Thursday 8 May 2008

Silent World - Depression


Now I'm through the worst of it, I can look back and see with relief that I was always going to be alright, always going to be a survivor. My friends and family gave me huge amounts of support and listened to my ramblings and watched my tears. To them I will always be grateful for letting me go through what I needed to go through. I believe it was a process I needed to do.


Even though I had support around me in the midst of my worst moments of depression I always felt so alone. Not wanting to bother anyone, that my problems were my own, and didn't want to intrude on anyone else's life. I lived in a silent world. Here's what I wrote just after Christmas, my worst time. I stayed undressed, unwashed for three whole days. I slept a lot and wrote my feelings down.


I live in a silent world. Oh I hear the tap dripping, the clock ticking away, I hear my phone ring and I hear peoples voices on the TV and out on the street. I hear cars as they drive through the rain puddles, I hear my neighbours slam their front door and run down the stair well. Yet I live in a silent world. An emotional silent world.

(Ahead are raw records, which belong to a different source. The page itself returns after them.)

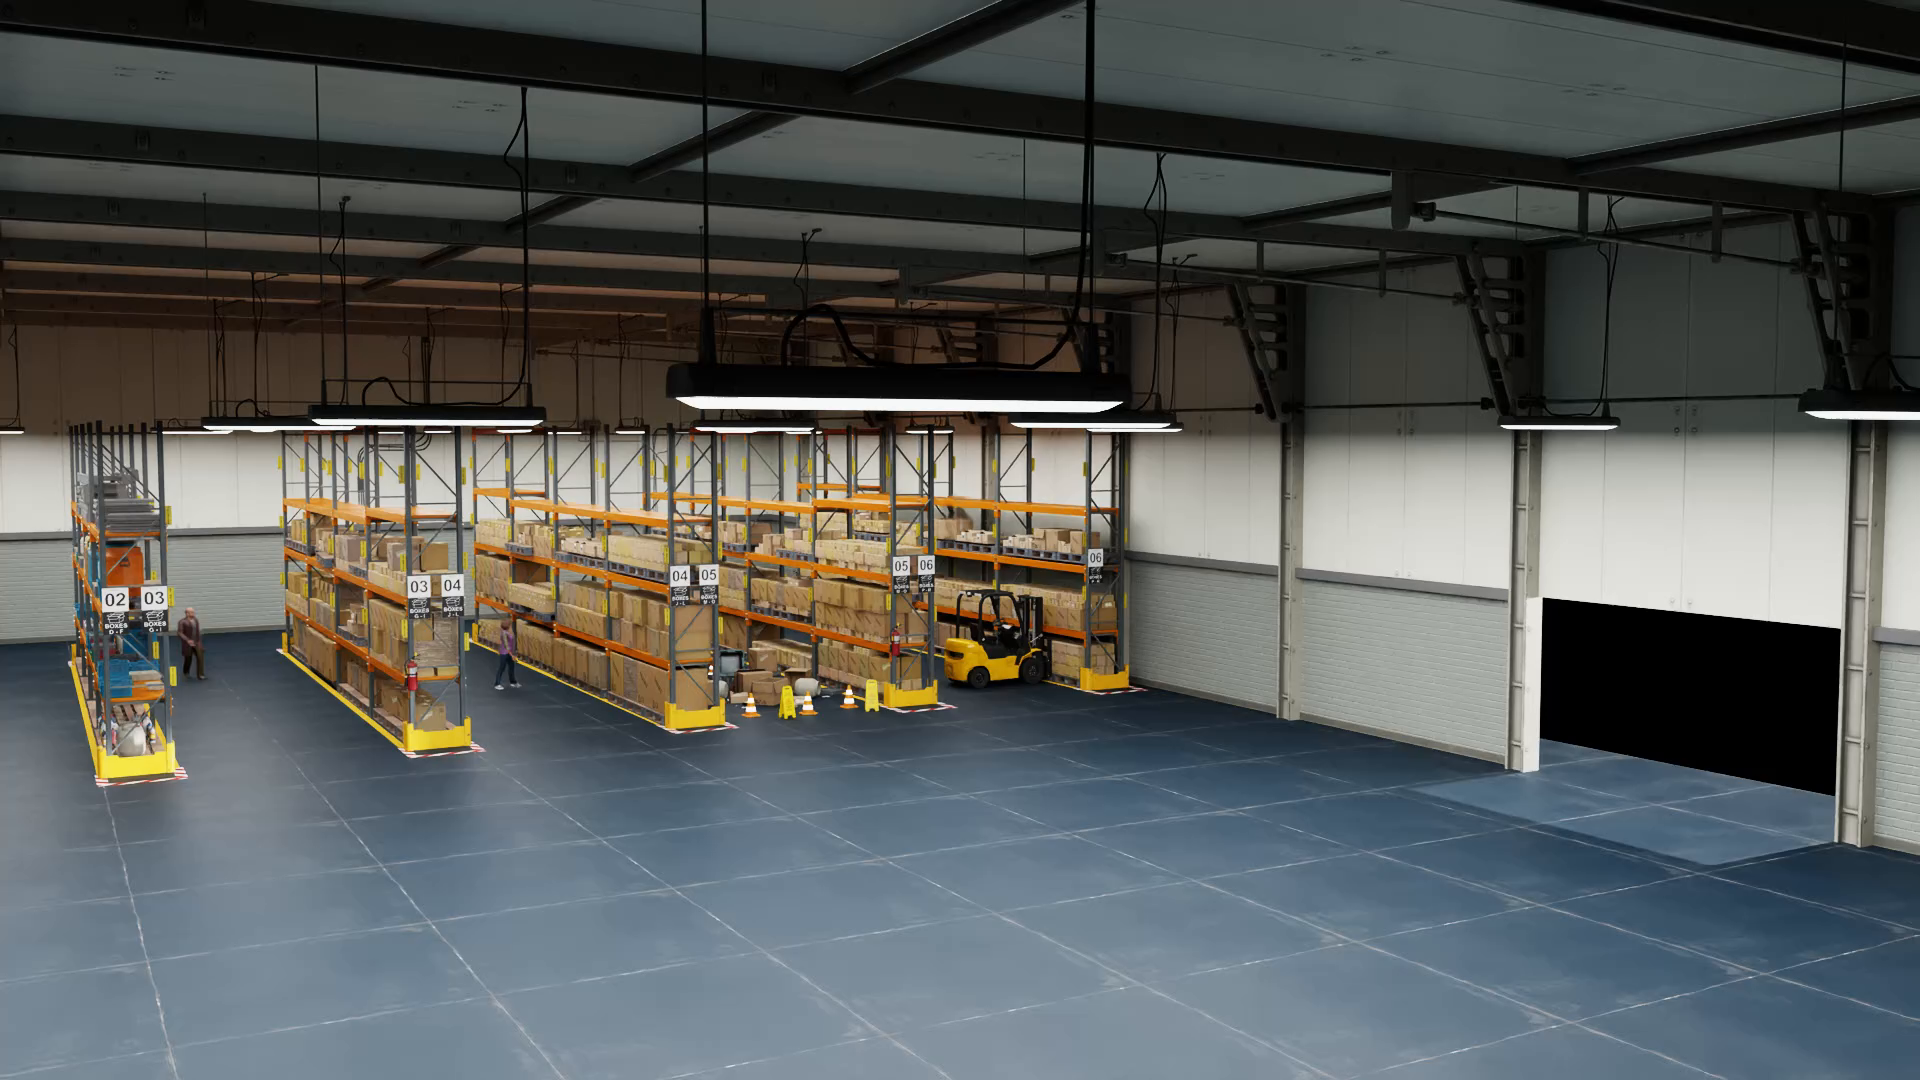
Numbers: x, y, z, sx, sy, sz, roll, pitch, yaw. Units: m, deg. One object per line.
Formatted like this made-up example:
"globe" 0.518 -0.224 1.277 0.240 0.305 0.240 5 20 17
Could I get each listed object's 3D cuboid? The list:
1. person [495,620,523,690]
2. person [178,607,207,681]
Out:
"person" -10.308 2.608 37.862 0.523 1.607 0.603 0 4 3
"person" -18.095 2.444 39.097 0.597 1.739 1.039 -3 4 -36

I do connect with those my life touches, but only to a point. The point I feel safe with. They never know the full extent of my silence. I make sure of that. To me the silence is deafening, unbearable, almost too unbearable to live with.

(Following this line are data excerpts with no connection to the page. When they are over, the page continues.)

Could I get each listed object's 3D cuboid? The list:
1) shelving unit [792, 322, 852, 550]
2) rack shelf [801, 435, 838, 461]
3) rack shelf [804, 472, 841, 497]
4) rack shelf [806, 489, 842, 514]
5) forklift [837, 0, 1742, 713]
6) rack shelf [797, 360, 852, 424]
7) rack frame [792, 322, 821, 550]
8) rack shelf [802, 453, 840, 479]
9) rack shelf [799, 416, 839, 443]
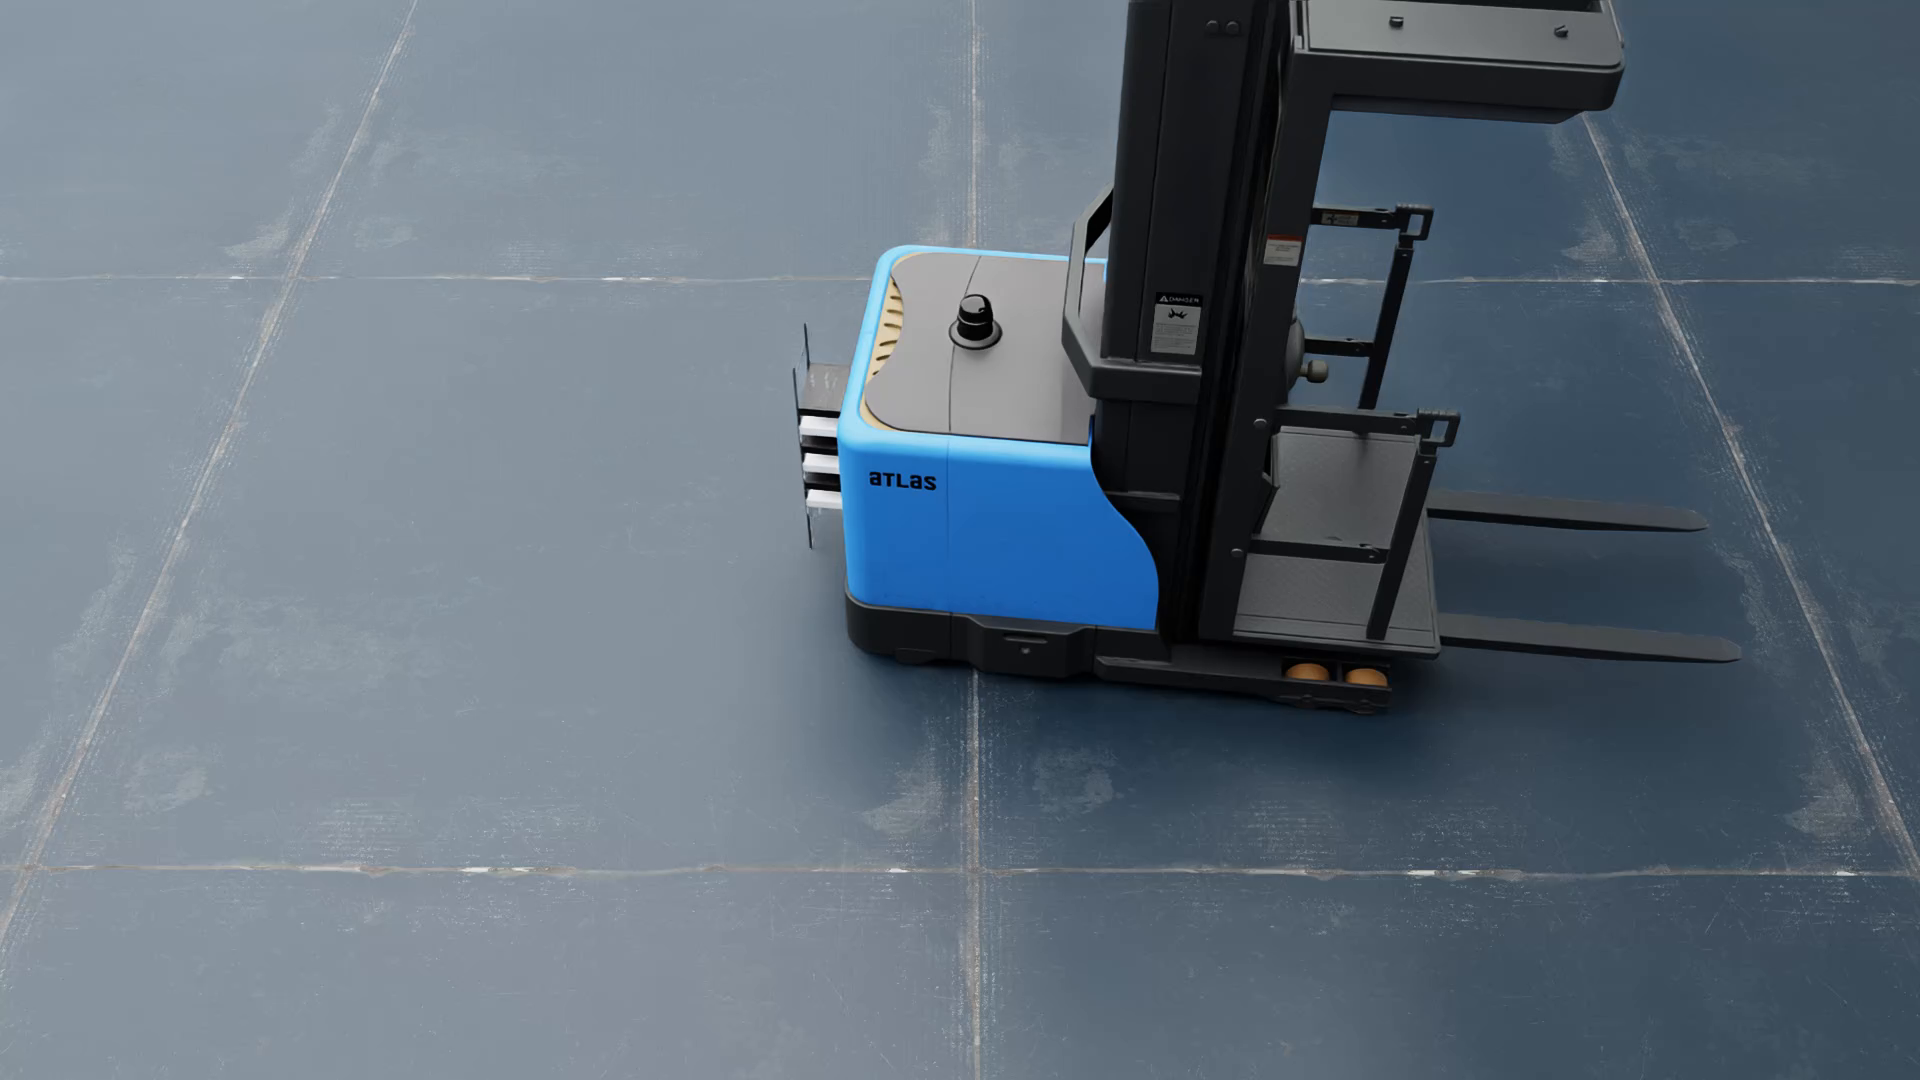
[{"bbox_3d":[-0.444,-0.346,5.958,0.210,0.900,0.258,5,47,5],"label":"shelving unit"},{"bbox_3d":[-0.444,-0.385,5.916,0.200,0.077,0.258,5,47,5],"label":"rack shelf"},{"bbox_3d":[-0.444,-0.262,6.048,0.200,0.077,0.258,5,47,5],"label":"rack shelf"},{"bbox_3d":[-0.444,-0.201,6.114,0.200,0.077,0.258,5,47,5],"label":"rack shelf"},{"bbox_3d":[1.158,-0.819,5.010,3.031,2.935,1.130,5,47,5],"label":"forklift"},{"bbox_3d":[-0.444,-0.508,5.784,0.200,0.077,0.258,5,47,5],"label":"rack shelf"},{"bbox_3d":[-0.545,-0.355,5.966,0.006,0.900,0.240,5,47,5],"label":"rack frame"},{"bbox_3d":[-0.444,-0.324,5.982,0.200,0.077,0.258,5,47,5],"label":"rack shelf"},{"bbox_3d":[-0.444,-0.446,5.850,0.200,0.077,0.258,5,47,5],"label":"rack shelf"}]
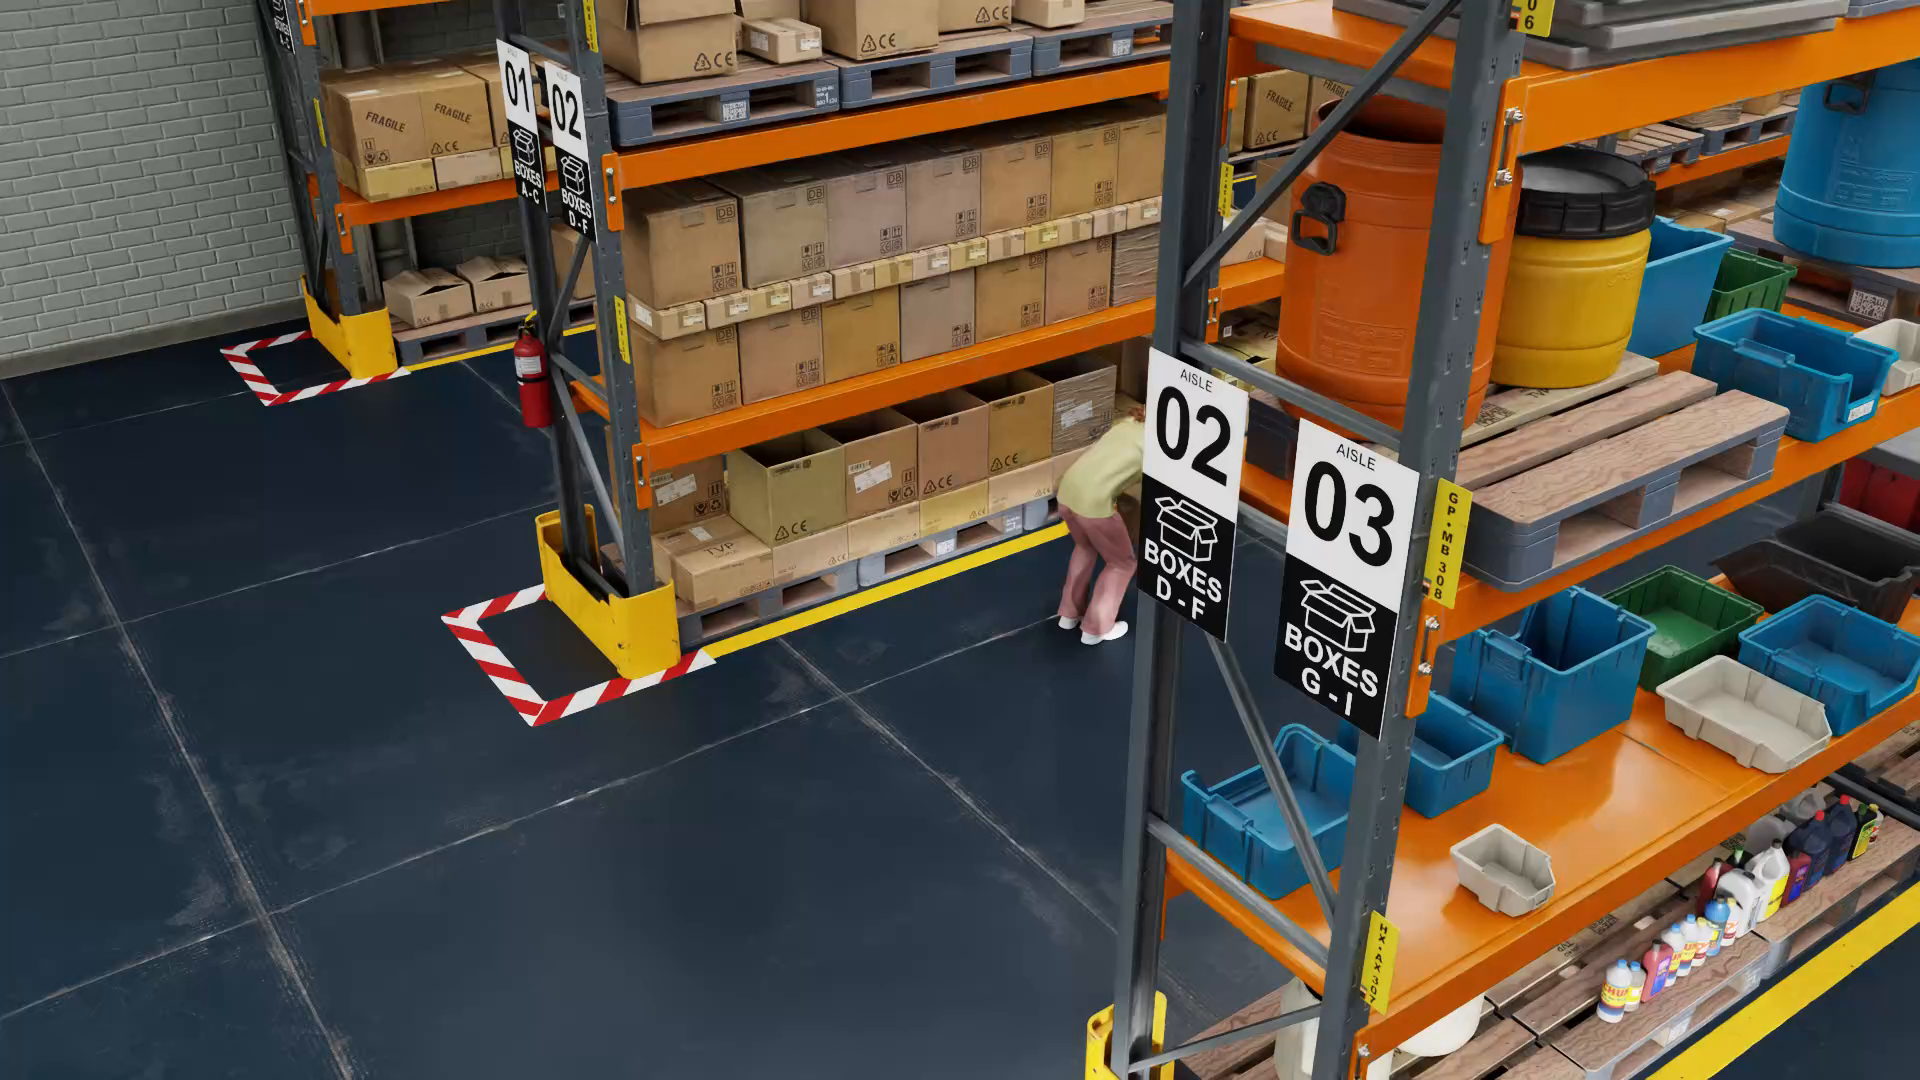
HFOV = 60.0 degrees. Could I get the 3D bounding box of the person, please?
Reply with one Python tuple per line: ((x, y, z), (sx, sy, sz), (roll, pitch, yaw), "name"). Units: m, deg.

Yet I do live, I do want to live, but am doing so just day by day. Trying desperately not to show the real me, how awful I feel. I put on my 'happy-I'm-OK-really-face'. And most believe me, but some do not, but they let me be me, the way I am at the moment. On the outside I am just me, going through my daily routines, or not if I don't feel like it. Making arrangements and plans for the not too distant future. I cant cope with too far ahead, it panics me. I don't know how I'm going to cope to get there.


I feel so lost in this silent world. I just wish I could break through and make some kind of sound, so I feel I'm back in control of my life again.


Thankfully it was soon after this lowest point in my life so far that my grief counselling began. I have been able to use my sessions well, opening up, emotionally, letting the inner me breath again. I'm now finding my path again in life.